I've just discovered that Meta illegally used one of my books ("I Can't Believe It's Not Buddha") to train its AI.

They are paraphrasing (uncredited) the contents of my book to make money.

I am not okay with this.

Sarah Silverman and others have started lawsuits. I hope some of the less rich among us can team up and do likewise.

h/t @petergleick

https://www.theatlantic.com/technology/archive/2023/09/books3-database-generative-ai-training-copyright-infringement/675363/?gift=QdM39RGtR94-pmclr4oVwi9lpuV63yswBnoweowTTIM&utm_source=copy-link&utm_medium=social&utm_campaign=share&s=03

These 183,000 Books Are Fueling the Biggest Fight in Publishing and Tech

Use our new search tool to see which authors have been used to train the machines.

The Atlantic
@bodhipaksa @petergleick Is it actually illegal? I don’t know if copyright extends to AI learning models, at this point?

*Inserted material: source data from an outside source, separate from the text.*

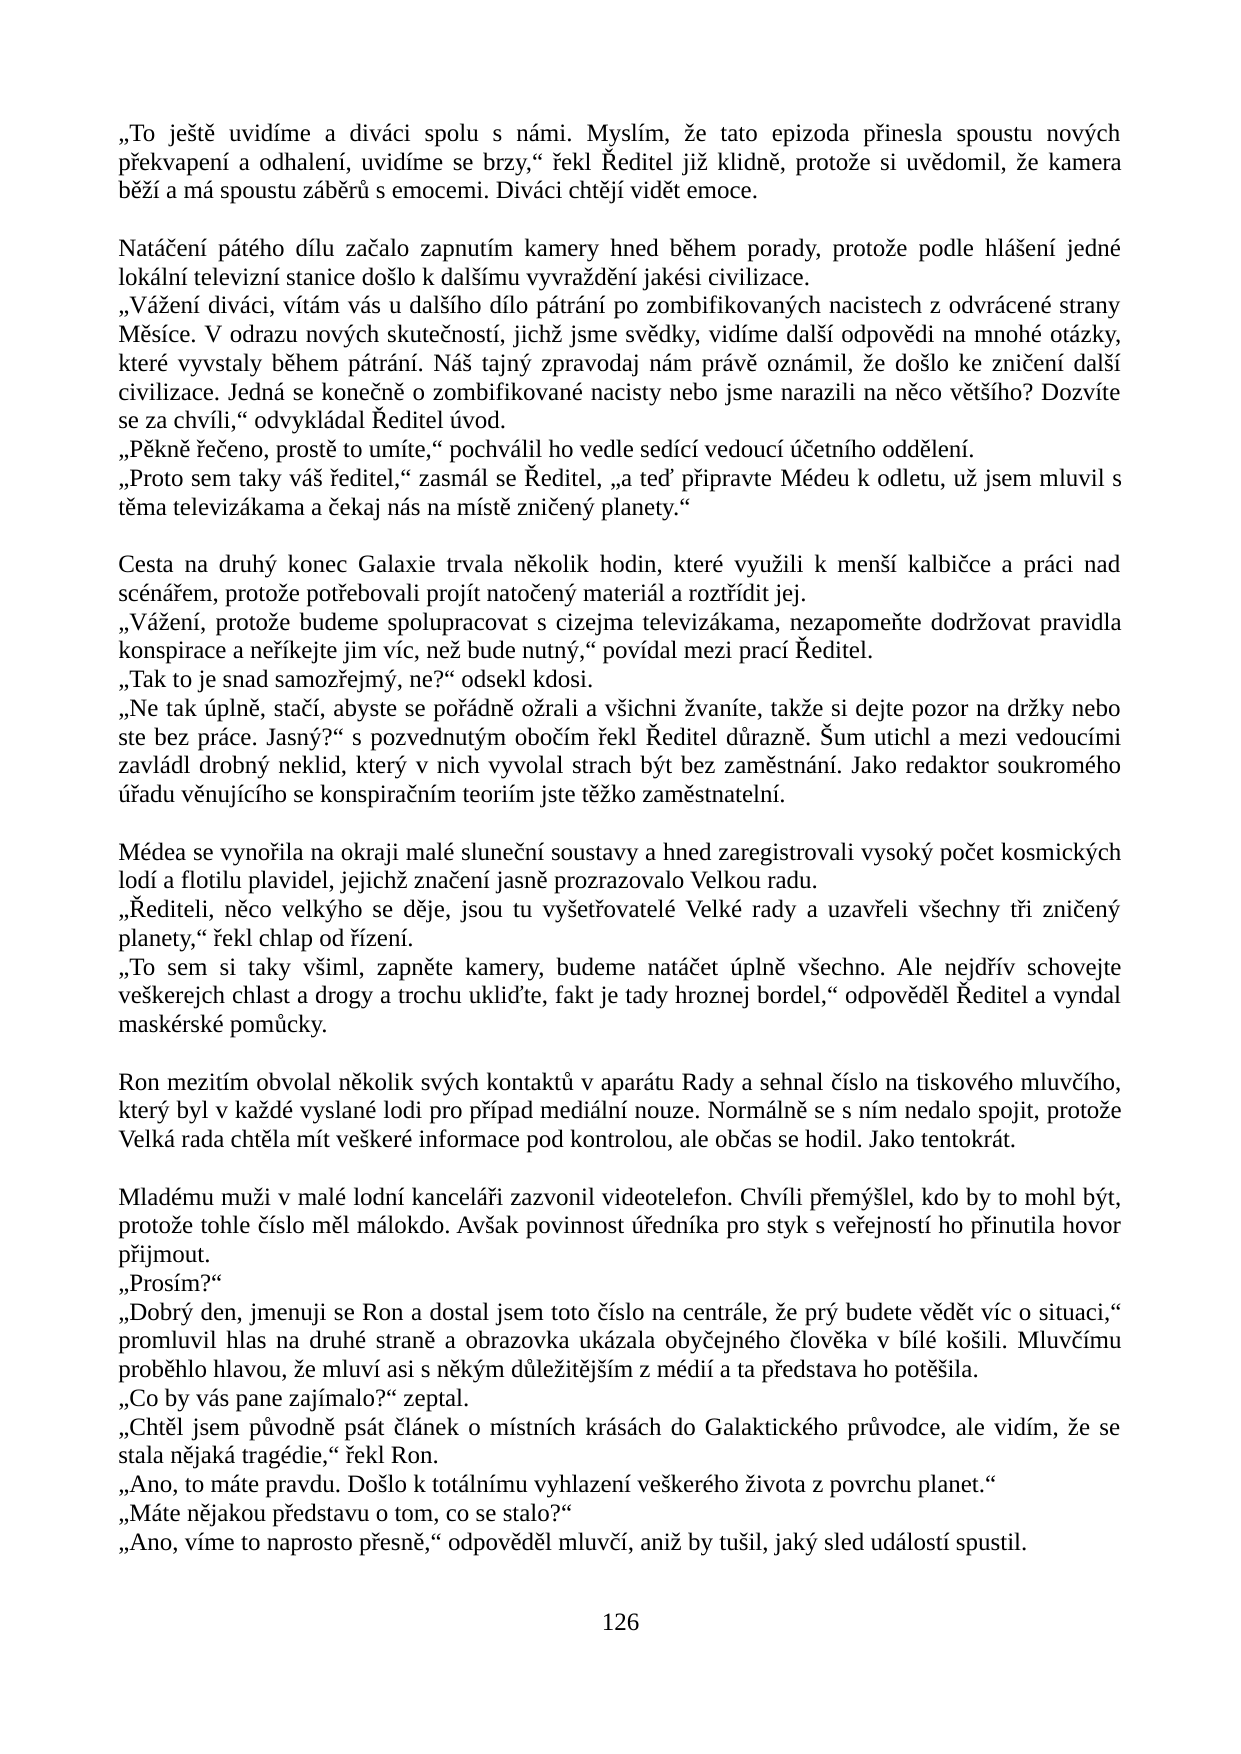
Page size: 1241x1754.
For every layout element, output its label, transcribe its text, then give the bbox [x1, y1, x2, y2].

text Ron mezitím obvolal několik svých kontaktů v aparátu Rady a sehnal číslo na tiskového mluvčího, který byl v každé vyslané lodi pro případ mediální nouze. Normálně se s ním nedalo spojit, protože Velká rada chtěla mít veškeré informace pod kontrolou, ale občas se hodil. Jako tentokrát. [118, 1067, 1122, 1153]
text Médea se vynořila na okraji malé sluneční soustavy a hned zaregistrovali vysoký počet kosmických lodí a flotilu plavidel, jejichž značení jasně prozrazovalo Velkou radu. [118, 837, 1122, 894]
text „Řediteli, něco velkýho se děje, jsou tu vyšetřovatelé Velké rady a uzavřeli všechny tři zničený planety,“ řekl chlap od řízení. [118, 894, 1122, 952]
text „Proto sem taky váš ředitel,“ zasmál se Ředitel, „a teď připravte Médeu k odletu, už jsem mluvil s těma televizákama a čekaj nás na místě zničený planety.“ [118, 463, 1122, 521]
text „To sem si taky všiml, zapněte kamery, budeme natáčet úplně všechno. Ale nejdřív schovejte veškerejch chlast a drogy a trochu ukliďte, fakt je tady hroznej bordel,“ odpověděl Ředitel a vyndal maskérské pomůcky. [118, 952, 1122, 1038]
text „Máte nějakou představu o tom, co se stalo?“ [118, 1498, 1122, 1527]
text „Vážení diváci, vítám vás u dalšího dílo pátrání po zombifikovaných nacistech z odvrácené strany Měsíce. V odrazu nových skutečností, jichž jsme svědky, vidíme další odpovědi na mnohé otázky, které vyvstaly během pátrání. Náš tajný zpravodaj nám právě oznámil, že došlo ke zničení další civilizace. Jedná se konečně o zombifikované nacisty nebo jsme narazili na něco většího? Dozvíte se za chvíli,“ odvykládal Ředitel úvod. [118, 291, 1122, 434]
text Mladému muži v malé lodní kanceláři zazvonil videotelefon. Chvíli přemýšlel, kdo by to mohl být, protože tohle číslo měl málokdo. Avšak povinnost úředníka pro styk s veřejností ho přinutila hovor přijmout. [118, 1182, 1122, 1268]
text „Tak to je snad samozřejmý, ne?“ odsekl kdosi. [118, 664, 1122, 693]
text „Ano, víme to naprosto přesně,“ odpověděl mluvčí, aniž by tušil, jaký sled událostí spustil. [118, 1527, 1122, 1556]
text „Vážení, protože budeme spolupracovat s cizejma televizákama, nezapomeňte dodržovat pravidla konspirace a neříkejte jim víc, než bude nutný,“ povídal mezi prací Ředitel. [118, 607, 1122, 664]
text „Ano, to máte pravdu. Došlo k totálnímu vyhlazení veškerého života z povrchu planet.“ [118, 1469, 1122, 1498]
text „To ještě uvidíme a diváci spolu s námi. Myslím, že tato epizoda přinesla spoustu nových překvapení a odhalení, uvidíme se brzy,“ řekl Ředitel již klidně, protože si uvědomil, že kamera běží a má spoustu záběrů s emocemi. Diváci chtějí vidět emoce. [118, 118, 1122, 204]
text „Prosím?“ [118, 1268, 1122, 1297]
text Cesta na druhý konec Galaxie trvala několik hodin, které využili k menší kalbičce a práci nad scénářem, protože potřebovali projít natočený materiál a roztřídit jej. [118, 549, 1122, 607]
text „Chtěl jsem původně psát článek o místních krásách do Galaktického průvodce, ale vidím, že se stala nějaká tragédie,“ řekl Ron. [118, 1412, 1122, 1469]
text „Dobrý den, jmenuji se Ron a dostal jsem toto číslo na centrále, že prý budete vědět víc o situaci,“ promluvil hlas na druhé straně a obrazovka ukázala obyčejného člověka v bílé košili. Mluvčímu proběhlo hlavou, že mluví asi s někým důležitějším z médií a ta představa ho potěšila. [118, 1297, 1122, 1383]
text „Pěkně řečeno, prostě to umíte,“ pochválil ho vedle sedící vedoucí účetního oddělení. [118, 434, 1122, 463]
text „Co by vás pane zajímalo?“ zeptal. [118, 1383, 1122, 1412]
text „Ne tak úplně, stačí, abyste se pořádně ožrali a všichni žvaníte, takže si dejte pozor na držky nebo ste bez práce. Jasný?“ s pozvednutým obočím řekl Ředitel důrazně. Šum utichl a mezi vedoucími zavládl drobný neklid, který v nich vyvolal strach být bez zaměstnání. Jako redaktor soukromého úřadu věnujícího se konspiračním teoriím jste těžko zaměstnatelní. [118, 693, 1122, 808]
text Natáčení pátého dílu začalo zapnutím kamery hned během porady, protože podle hlášení jedné lokální televizní stanice došlo k dalšímu vyvraždění jakési civilizace. [118, 233, 1122, 291]

@dubiago @petergleick Is taking a pirated copy of a book, feeding it into a computer, and then paraphrasing the contents of the book in order to make a profit illegal? Yes. Yes, it is.

Copyright law existed before LLM's were developed. New technologies aren't magically exempt from those laws just because they're new.

@bodhipaksa @petergleick Was it pirated? Or was it legally purchased?
@dubiago @petergleick It was pirated, along with many others, hence all the lawsuits OpenAI is facing.
@dubiago @petergleick At a certain point one has to lose patience and say, "RTFA."
@bodhipaksa @petergleick Yes. I did. There is a *claim* of piracy. But, we don’t know the source of these books. The article doesn’t specify—my guess is that the author doesn’t know. Ambiguity and assumption launched from that ambiguity is always fraught with danger…not that people with pitchforks care…

@dubiago @petergleick As the article says: "The data set, known as “Books3,” was based on a collection of pirated ebooks."

One of my books is in that collection, without my permission. No author whose work is in it gave permission for their book to be used in this way. Which is why there are now multiple lawsuits against OpenAI.

@bodhipaksa @petergleick Pirated according to who? Can the owner of the data set furnish legitimate purchase receipts? Was that question even asked?
@dubiago @petergleick Even if at some point the books were legitimately purchased, by being passed on to a third party they become pirated by definition.
@bodhipaksa @petergleick That’s for the courts to determine
@dubiago @petergleick Oh, boy. You are such a waste of time. Blocked.